Scheib's theatrical productions include Brecht's Puntila und sein Knecht Matti at the Theater Augsburg in Germany; Tolstoy's The Power of Darkness at the Trafo House of Contemporary Art in Budapest, Daniel Veronese's Women Dreamt Horses at Performance Space 122, Vallejo Gantner Artistic Director, Chuck Mee's Iphigenia at the Norwegian Theater Institute, Lothar Trolle's Fernsehen 3 and Ein Vormittag in der Freiheit at the Volksbühne am Rosa Luxemburg Platz in Berlin.
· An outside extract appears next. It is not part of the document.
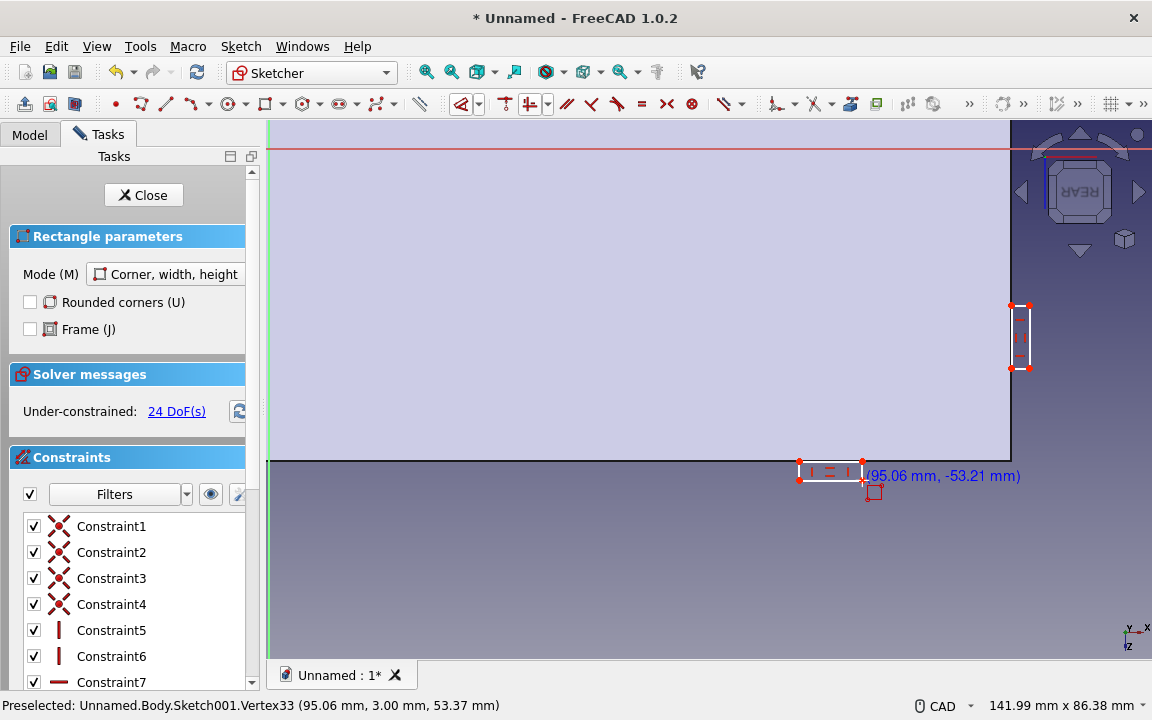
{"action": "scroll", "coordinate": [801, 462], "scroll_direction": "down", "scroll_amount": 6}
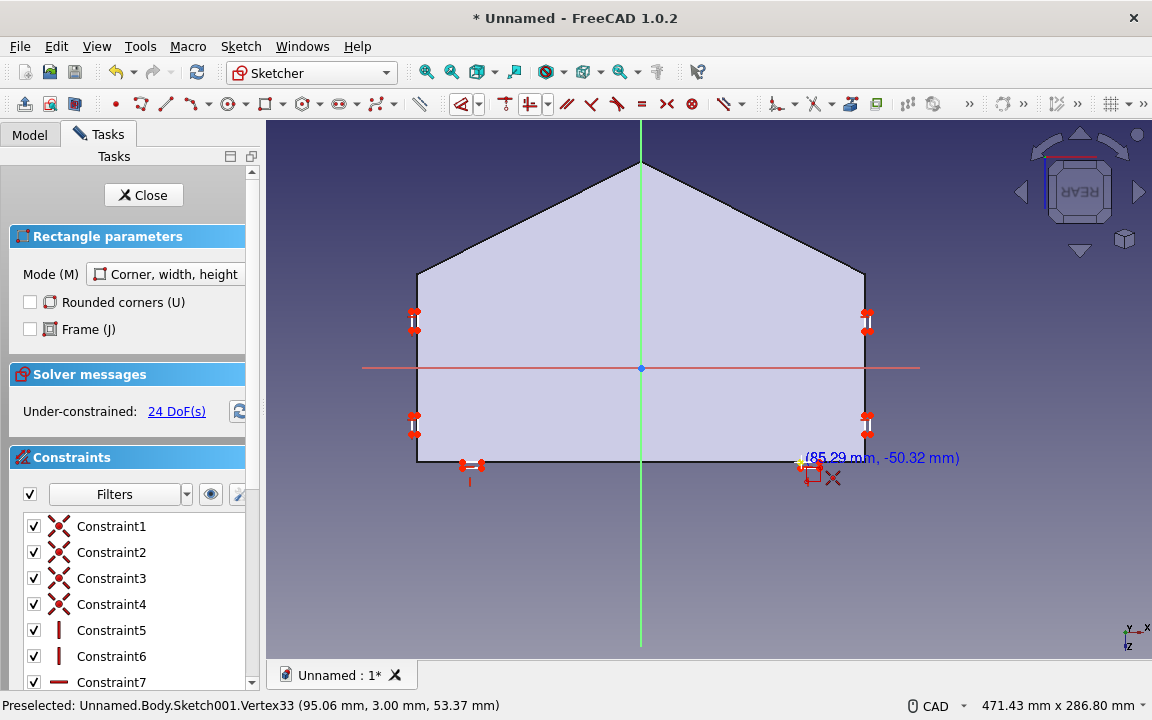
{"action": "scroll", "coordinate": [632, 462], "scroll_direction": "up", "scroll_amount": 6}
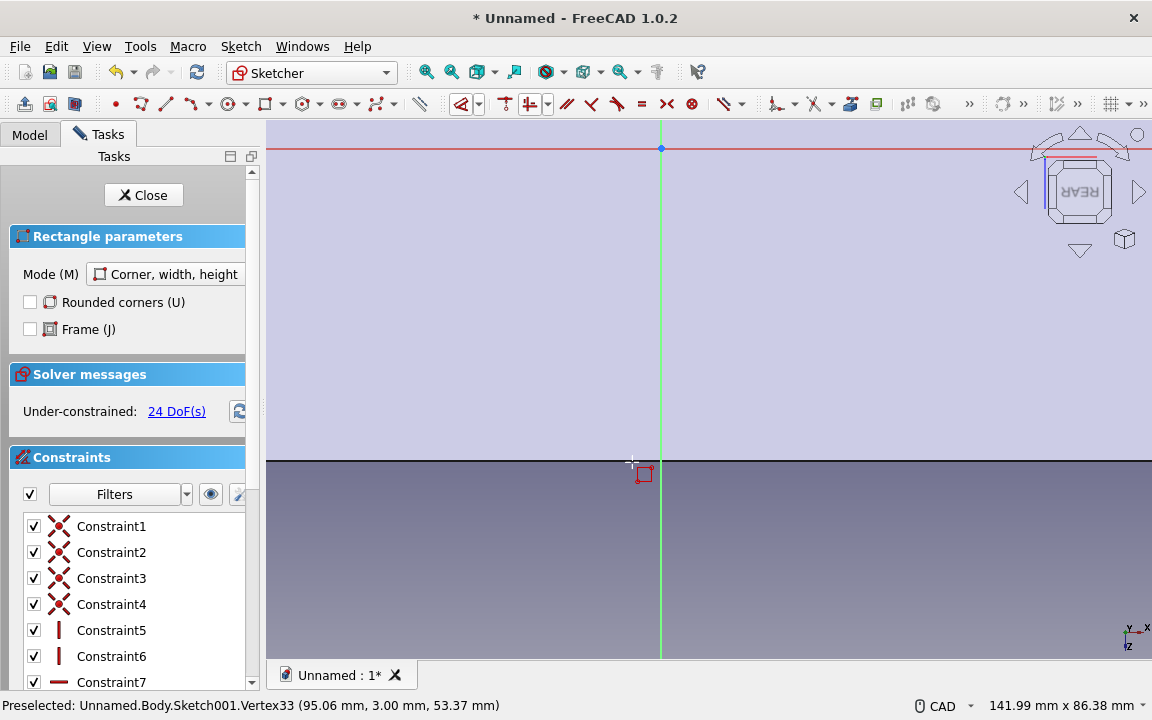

Also known for his Live Cinema adaptations of novels, films, and non-theatrical events, Scheib's staged adaptations include: Bellona, Destroyer of Cities adapted from Samuel R. Delany's novel, Dhalgren at The Kitchen in New York,Samuel R. Delany and Jay Scheib discuss Bellona, Destroyer of Cities with Ashley Crawford, World of Wires (2012) adapted from the science fiction film World on a Wire, Untitled Mars (This Title May Change) adapted from Lassewitz, Dick, Lem and the activities of the Mars Desert Research Station in Utah which premiered at Performance Space 122 in New York. His live-cinema adaptation of Antonioni's works This Place is a Desert was first performed as a workshop with the Kretakor Ensemble in Budapest followed by a studio presentation at Massachusetts Institute of Technology before its world premiere at the Institute of Contemporary Art in Boston and its subsequent sold-out run at the Public Theater as part of the Under the Radar Festival. Other adaptations include Margarethhamlet, which premiered in Berlin and All Good Everything Good after Shakespeare's All's Well That Ends Well which premiered in Bologna at Raum. Both Shakespeare adaptations were choreographed for a solo performer on guitar and were presented with Margareth Kammerer.

The New York City Opera presented the opera, Powder Her Face, by Thomas Adès, in February 2013 at the Brooklyn Academy of Music in a production directed by Jay Scheib.